Automate backup with a shell script and cron job
Below is a sample of the shell script I wrote to backup one of my servers:
# Syncronize /root with S3
s3cmd sync --recursive /root/ s3://my-bucket-name/root/
# Syncronize /home with S3
s3cmd sync --recursive /home/ s3://my-bucket-name/home/
# Syncronize crontabs with S3
s3cmd sync /var/spool/cron/ s3://my-bucket-name/cron/
# Syncronize /var/www/vhosts with S3
s3cmd sync --exclude 'mydomain.com/some-directory/*.jpg' --recursive /var/www/vhosts/ s3://my-bucket-name/vhosts/
# Syncronize MySQL databases with S3
mysqldump -u root --password=mysqlpassword --all-databases --result-file=/root/all-databases.sql
s3cmd put /root/all-databases.sql s3://my-bucket-name/mysql/
rm -f /root/all-databases.sql
I use ‘s3cmd sync –recursive /root/ s3://my-bucket-name/root/’ and ‘s3cmd sync –recursive /home/ s3://my-bucket-name/home/’ to synchronize all data in the local /root and /home directories including their subdirectories with S3. I use ‘sync’ instead of ‘put’ because I do not always know exactly what files are stored in these folders. I want everything backed up, including any new files created in the future.

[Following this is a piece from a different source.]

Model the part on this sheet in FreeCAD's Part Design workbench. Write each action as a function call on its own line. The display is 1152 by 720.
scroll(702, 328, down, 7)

With ‘s3cmd sync /var/spool/cron/ s3://my-bucket-name/cron/’ I omit ‘–recursive’ because I do not care about any subdirectories (there aren’t any).
With “s3cmd sync –exclude ‘mydomain.com/some-directory/*.jpg’ –recursive /var/www/vhosts/ s3://my-bucket-name/vhosts/” I synchronize /var/www/vhosts but exclude all jpg files inside a particular directory because they are replaced very frequently by new versions and are unimportant to me once they are a few minutes old.

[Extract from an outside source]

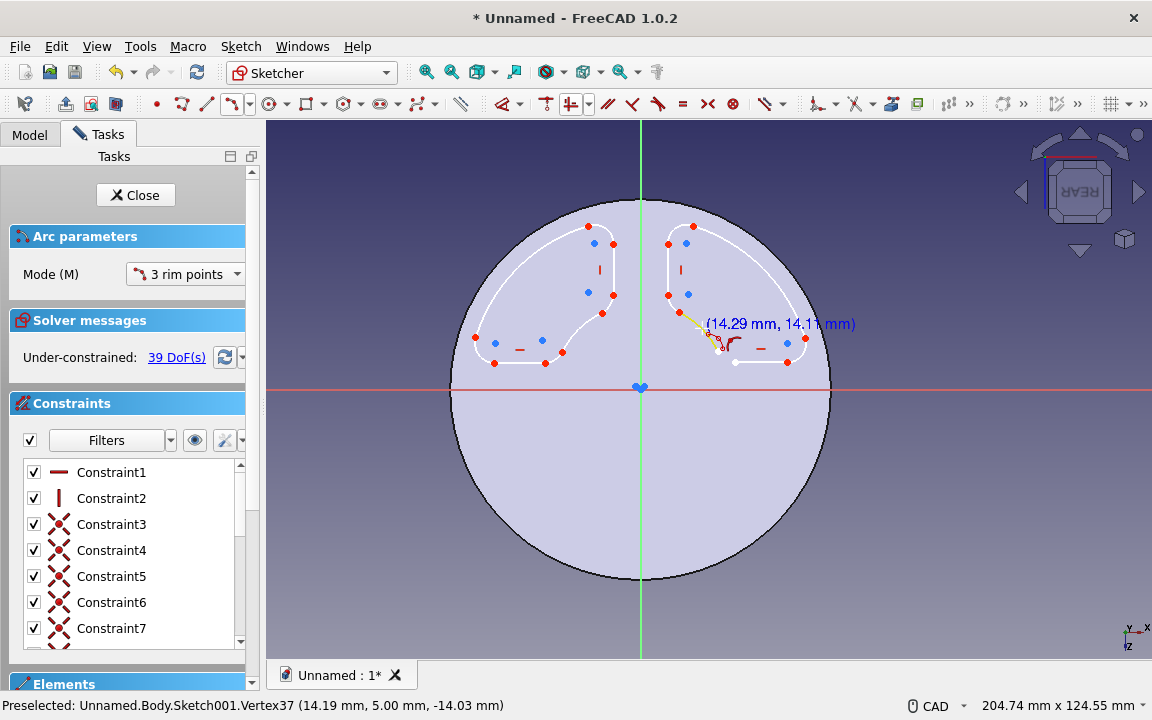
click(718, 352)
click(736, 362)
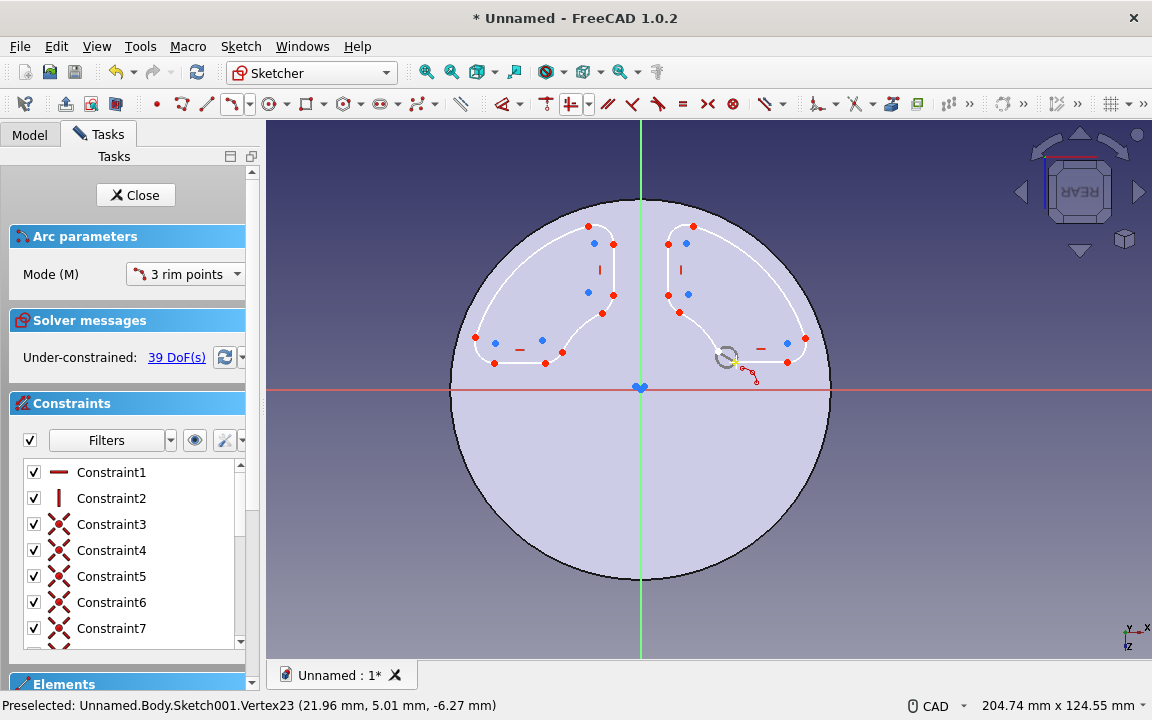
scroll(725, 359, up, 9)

Using mysqldump I export all databases to a text file that can be easily used to recreate them if needed. I upload the newly created file using ‘s3cmd put /root/hold-for-S3/all-databases s3://my-bucket-name/mysql/’.
To read more about sync and its options such as ‘–dry-run’, ‘–skip-existing’, and ‘–delete-removed’ read http://s3tools.org/s3cmd-sync.
Create a cron job to execute your shell script as often as you like. Now you can be less worried about losing all your important data.